■ Required action ■
Look through the entries below and show every line containing the word "person".

Stored records:
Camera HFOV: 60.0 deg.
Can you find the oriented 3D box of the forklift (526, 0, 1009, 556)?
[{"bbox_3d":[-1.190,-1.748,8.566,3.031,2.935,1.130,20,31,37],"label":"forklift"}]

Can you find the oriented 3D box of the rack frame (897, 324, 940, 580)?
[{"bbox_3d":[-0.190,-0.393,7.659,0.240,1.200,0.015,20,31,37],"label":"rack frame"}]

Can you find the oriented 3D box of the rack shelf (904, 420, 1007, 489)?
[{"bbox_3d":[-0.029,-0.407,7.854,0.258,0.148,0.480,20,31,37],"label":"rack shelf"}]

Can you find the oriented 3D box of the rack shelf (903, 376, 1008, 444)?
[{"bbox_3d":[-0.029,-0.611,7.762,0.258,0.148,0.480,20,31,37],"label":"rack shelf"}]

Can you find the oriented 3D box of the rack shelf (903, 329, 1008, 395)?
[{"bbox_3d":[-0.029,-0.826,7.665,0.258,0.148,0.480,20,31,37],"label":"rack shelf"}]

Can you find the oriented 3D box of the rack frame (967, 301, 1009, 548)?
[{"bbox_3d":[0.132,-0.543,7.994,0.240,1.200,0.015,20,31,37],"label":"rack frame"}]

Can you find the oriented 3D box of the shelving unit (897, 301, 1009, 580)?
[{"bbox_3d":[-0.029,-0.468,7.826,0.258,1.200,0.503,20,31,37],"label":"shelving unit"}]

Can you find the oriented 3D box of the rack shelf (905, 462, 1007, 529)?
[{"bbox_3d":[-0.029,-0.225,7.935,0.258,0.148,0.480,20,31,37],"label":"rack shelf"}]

==

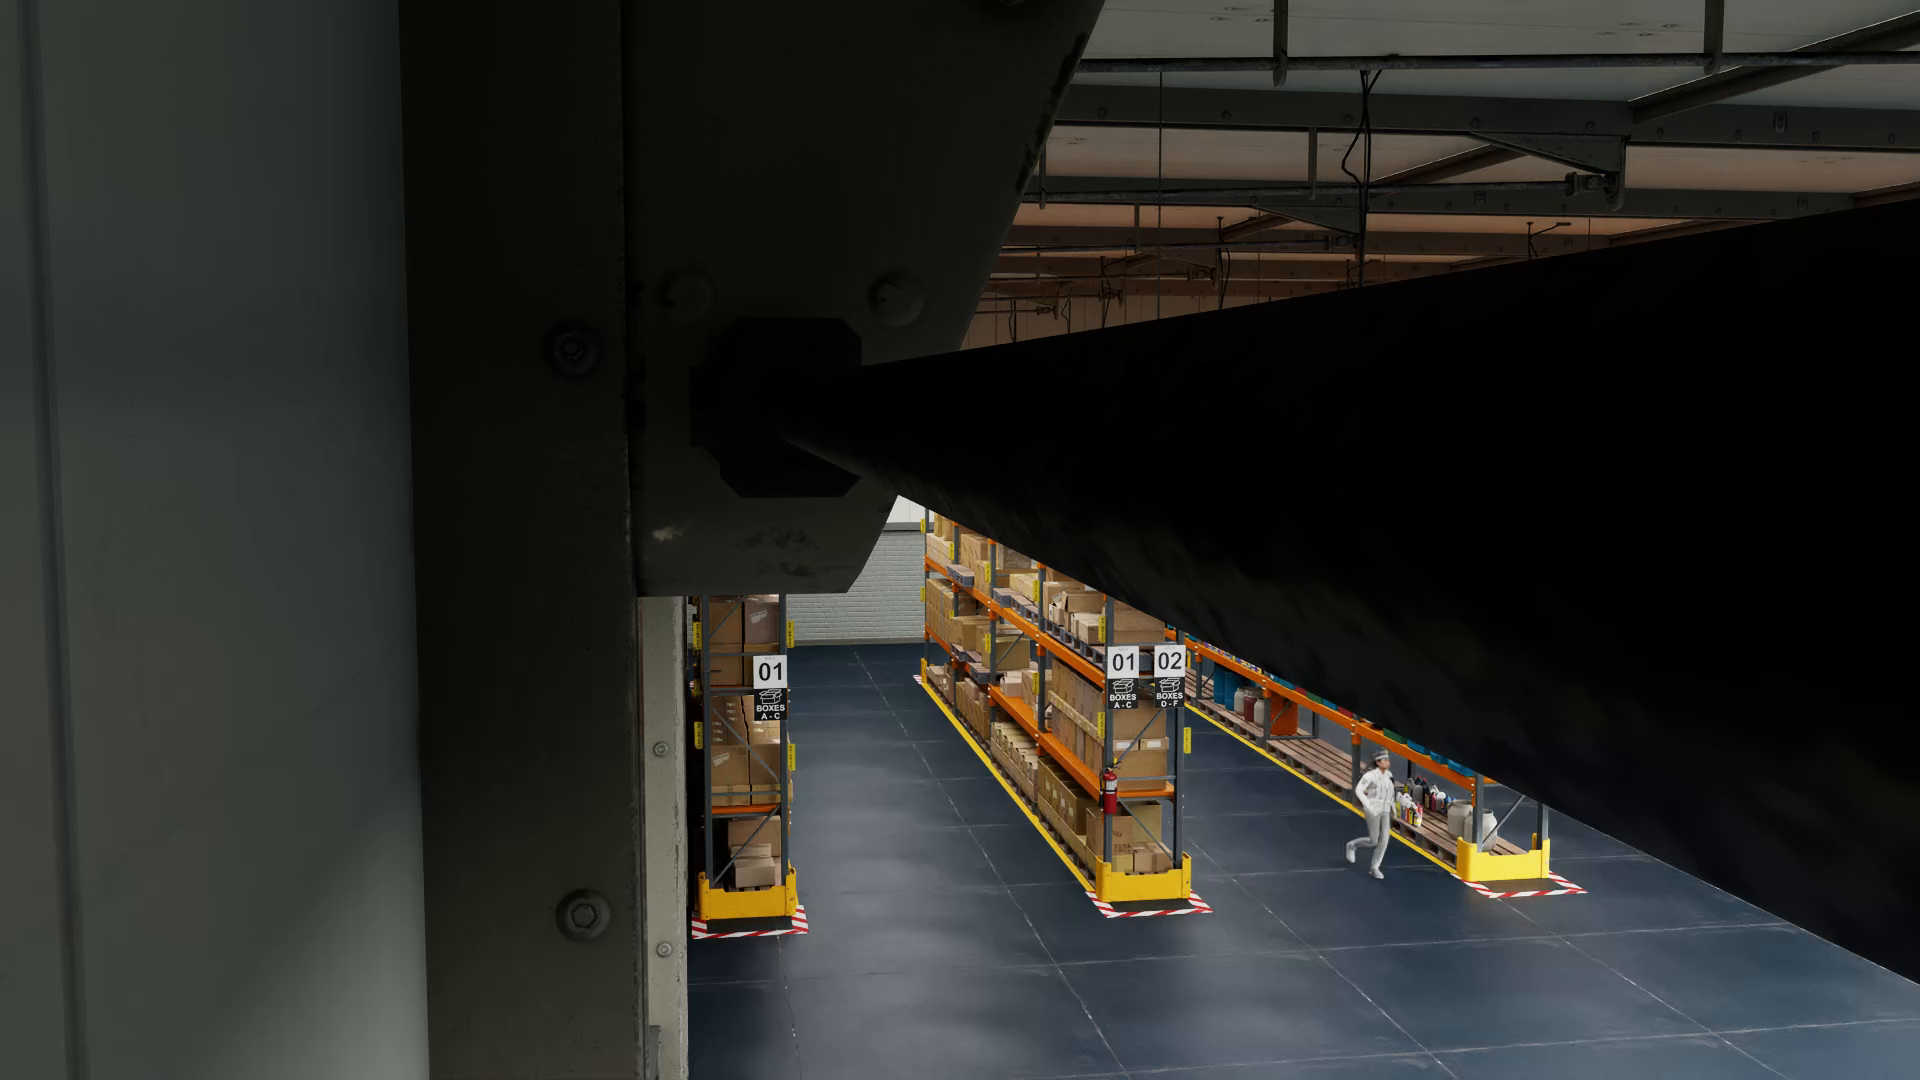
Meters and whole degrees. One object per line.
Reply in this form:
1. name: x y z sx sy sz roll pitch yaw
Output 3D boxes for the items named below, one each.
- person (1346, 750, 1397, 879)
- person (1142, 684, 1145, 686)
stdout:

■ Written answer ■
- person (1346, 750, 1397, 879)
- person (1142, 684, 1145, 686)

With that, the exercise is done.